[Dataset records]
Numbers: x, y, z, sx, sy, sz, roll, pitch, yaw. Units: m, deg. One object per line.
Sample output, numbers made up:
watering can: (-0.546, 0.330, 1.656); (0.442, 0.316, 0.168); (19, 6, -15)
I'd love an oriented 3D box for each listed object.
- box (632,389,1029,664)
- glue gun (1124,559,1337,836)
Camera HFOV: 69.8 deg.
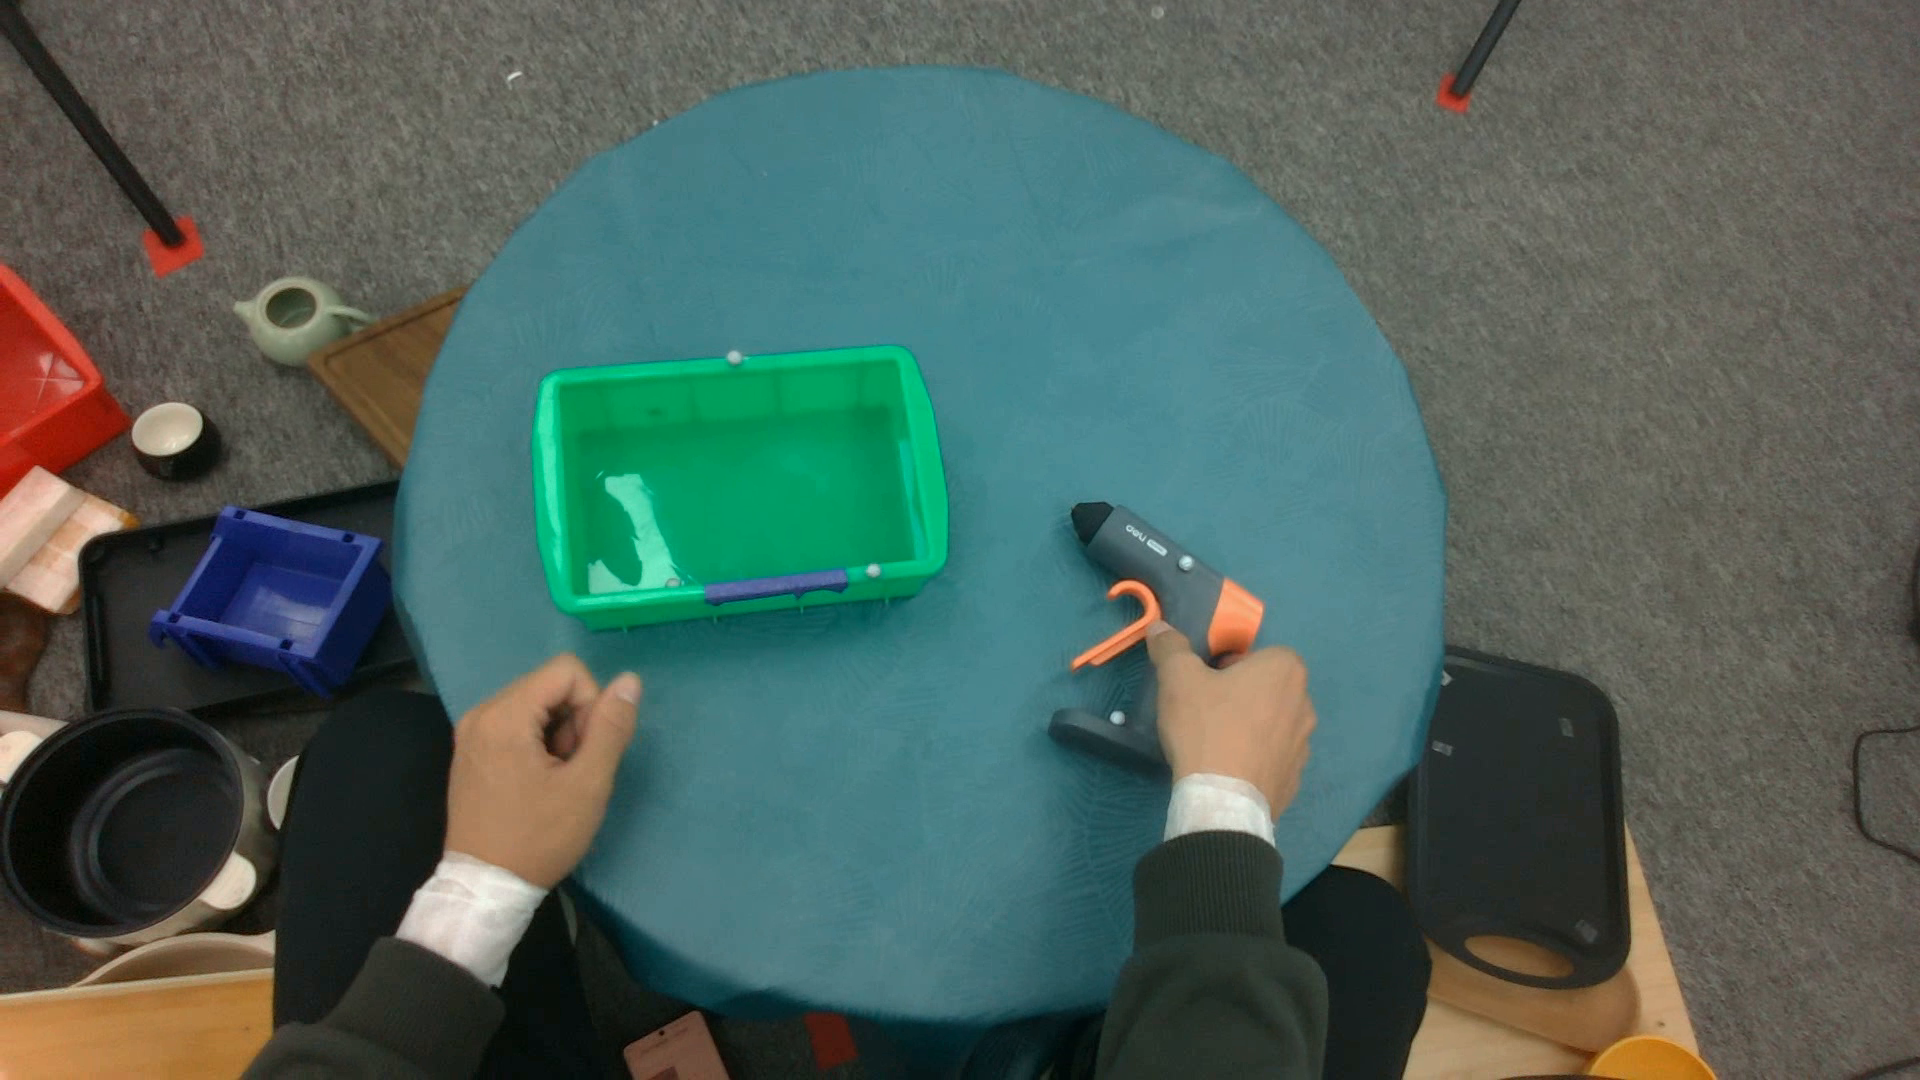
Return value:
box: (-0.072, -0.004, 0.767); (0.210, 0.065, 0.139); (-5, 67, -8)
glue gun: (0.140, 0.083, 0.761); (0.118, 0.041, 0.140); (18, 63, 9)

● **EXERCISE OBJECTIVE**: Exactly the lines from the one containing "- box (632,389,1029,664)" through the end of the data above: repeat those, both ends included, and nothing else. Skip the pictures.

● **YOUR RESPONSE**:
- box (632,389,1029,664)
- glue gun (1124,559,1337,836)
Camera HFOV: 69.8 deg.
Return value:
box: (-0.072, -0.004, 0.767); (0.210, 0.065, 0.139); (-5, 67, -8)
glue gun: (0.140, 0.083, 0.761); (0.118, 0.041, 0.140); (18, 63, 9)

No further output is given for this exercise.